Descriptive analysis might tell a dataset’s average, median, and standard deviation. Exploratory analysis would use visualizations, transformations, and interrogating the data with different techniques to model the relationships between variables beyond just summary statistics.
So descriptive analysis describes what the data shows, while exploratory analysis explores nuances in the data to extract deeper meaning.
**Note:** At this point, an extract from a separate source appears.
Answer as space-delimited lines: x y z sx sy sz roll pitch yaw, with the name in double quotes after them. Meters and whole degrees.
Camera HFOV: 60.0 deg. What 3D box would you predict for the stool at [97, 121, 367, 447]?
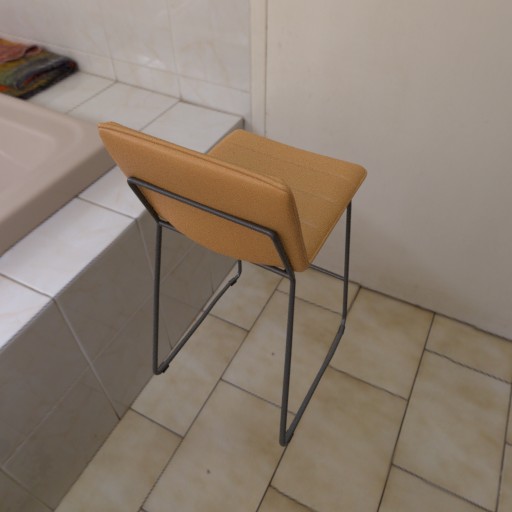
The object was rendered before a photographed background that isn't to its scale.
0.000 0.000 1.195 0.489 0.936 0.524 22 50 20 "stool"

But good data analysis uses both techniques – summary statistics to complement the graphs and visuals revealing relationships.
Descriptive Analysis
- Summarizes and presents the data without making inferences or models
- Uses simple graphics like histograms, bar charts, summary statistics
- Goal is to describe patterns in the data
Exploratory Analysis
- Makes inferences about patterns, relationships, effects in the data
- Relies heavily on graphics and visualization
- Transforms/manipulates the data to extract meaning
- Iterative cycle to understand the data
- Goal is to extract deeper insights from the data
References
Behrens, J. T. (1997). Principles and procedures of exploratory data analysis. Psychological Methods, 2(2), 131–160.
Emerson, J. D., & Stoto, M. A. (1983). Transforming data. In D. C. Hoaglin, F. Mosteller, & J. W. Tukey
(Eds.), Understanding robust and exploratory data analysis (pp. 97–128). Wiley.
Hoaglin, D. C., Mosteller, F., & Tukey, J. W. (Eds.). (1991). Fundamentals of exploratory analysis of variance. Wiley.
Tukey, J. W. (1977). Exploratory data analysis. Reading, MA: Addison-Wesley.
Velleman, P. F. (2008). Truth, damn truth, and statistics. Journal of Statistics Education: An International Journal on the Teaching and Learning of Statistics, 16(2).